Разговор этот поразил Андрия, может, потому, что отец не читал морали, не ругал, не учил. Сколько раз в жизни он будет возвращаться к простым отцовским словам!
И все же вчера пошел к Барбаре — в последний раз. Нельзя было ее обижать. Слухи по улице все же поползли. Кто-то видел, как он выходил, кто-то видел, как входил. Давно уже она не бывала в гостях у родителей Андрия. Теперь она уезжает. Жаль ее.
Все слишком привычно, даже буднично. Она едет, собранные вещи, незастеленная софа. Отъезд через два часа. Еще и не уложилась окончательно. Муж придет с возчиком. А он, Андрий, какой идиот, отважился, когда муж в городе! Это впервые так. Потому что напоследок. Двери заперты... Дурак я, дурак. А она вот лежит, счастливая. Да приеду я в Варшаву. Приеду как-нибудь. Договоримся, напишешь... Ну, от этого никто не умирает... Я еще, может, там в университет буду поступать. Ну, не там, так в другом месте, приедешь. Да встретимся еще.
— Прощай, Барбара, счастливого пути!
Пришел домой протрезвевший, одновременно чувствуя и утрату, и облегчение...
— Андрий! Ты еще в кровати? Збышек пришел! — голос мамы.
Вот это его сегодняшняя реальность. А все-таки он выступил вчера с блеском, с блеском, с блеском! Даже Збышек удивился.

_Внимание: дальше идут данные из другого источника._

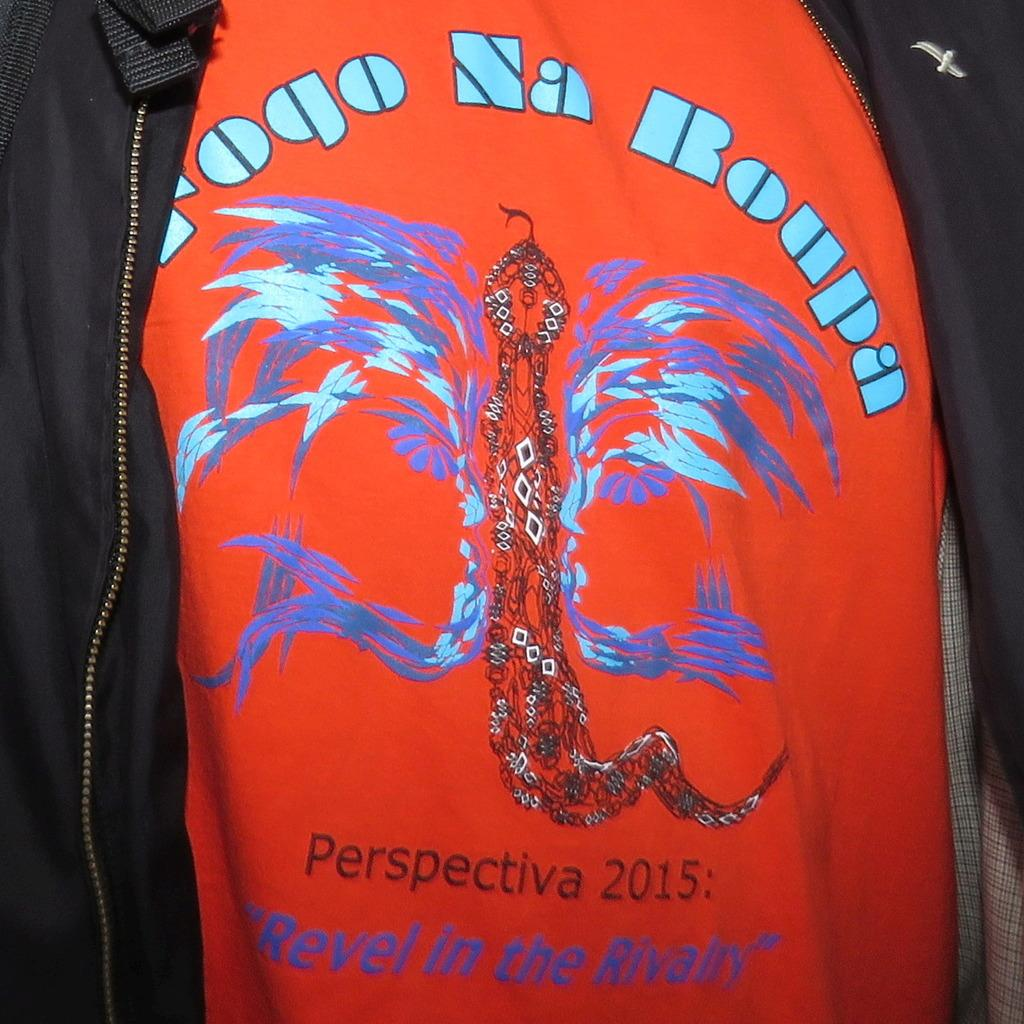What colors are present in the clothes in the image? The clothes in the image have red and black colors. Can you describe the text on the red color cloth? There is text on the red color cloth in the image. What is the baby's name mentioned in the text on the red color cloth? There is no mention of a baby or a name in the text on the red color cloth in the image. 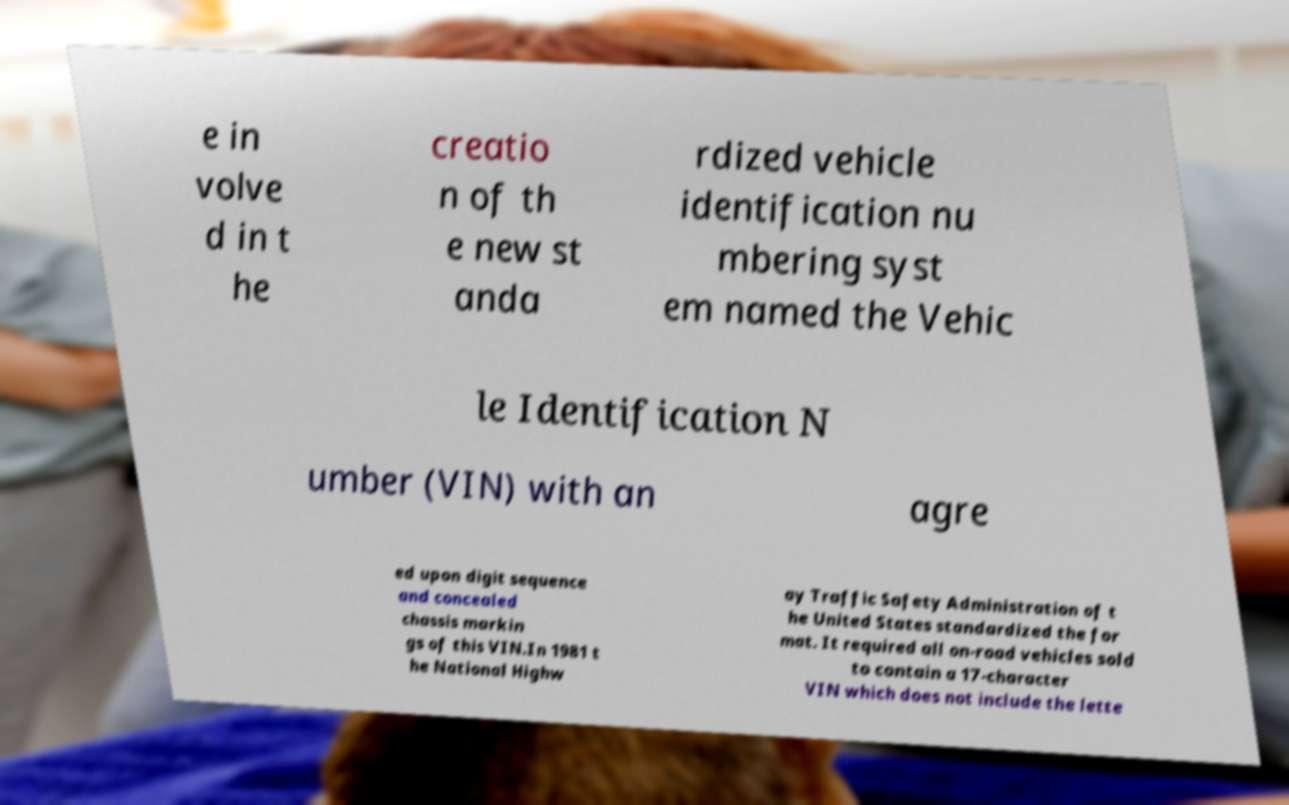Can you read and provide the text displayed in the image?This photo seems to have some interesting text. Can you extract and type it out for me? e in volve d in t he creatio n of th e new st anda rdized vehicle identification nu mbering syst em named the Vehic le Identification N umber (VIN) with an agre ed upon digit sequence and concealed chassis markin gs of this VIN.In 1981 t he National Highw ay Traffic Safety Administration of t he United States standardized the for mat. It required all on-road vehicles sold to contain a 17-character VIN which does not include the lette

Андрий спрыгнул с кровати, теплый весенний воздух не мог остудить разгоряченное сном тело, под успевшей слегка загореть на майском солнце кожей напряглись мышцы. Начинался новый день.
XI
...Если б вы увидели его лицо, товарищ комиссар, — лицо подростка, бледное, осунувшееся, только глаза чернели и волосы, смуглая кожа стала желтой, почти неживой, — вы бы поняли все без слов. Он меня не заметил. Я думал, он тяжело ранен. Знаете, я стоял там молча, меня никто не видел, дверь в палату открыта. Раненые лежали и в коридорах (в госпиталях мест не хватало уже давно), здесь и военные были, и гражданские. Я долго его искал, ведь и в палатах порядка не было, разобраться нелегко, кто и где лежит. Потом я сообразил, нашел врача, молодого чеха Карела Голубоца, четкого такого парня, мы с ним быстро поняли друг друга, я по-польски, он по-чешски, и жена его здесь медсестрой. Мария — назвалась она. Мы уже взяли вашего парня под опеку... Я сказал, это мой брат, не вдавался сначала в подробности, а потом как-то так вышло, все рассказал, она сразу стала очень внимательной и повела меня на этаж. Вон там у нас мальчик, легкое ранение, осколком в бедро, хорошо, что так обошлось, зарастет, забудется. Не знаю, но месяца три, ну, два как минимум... Вот смотрите, вон там, возле окна.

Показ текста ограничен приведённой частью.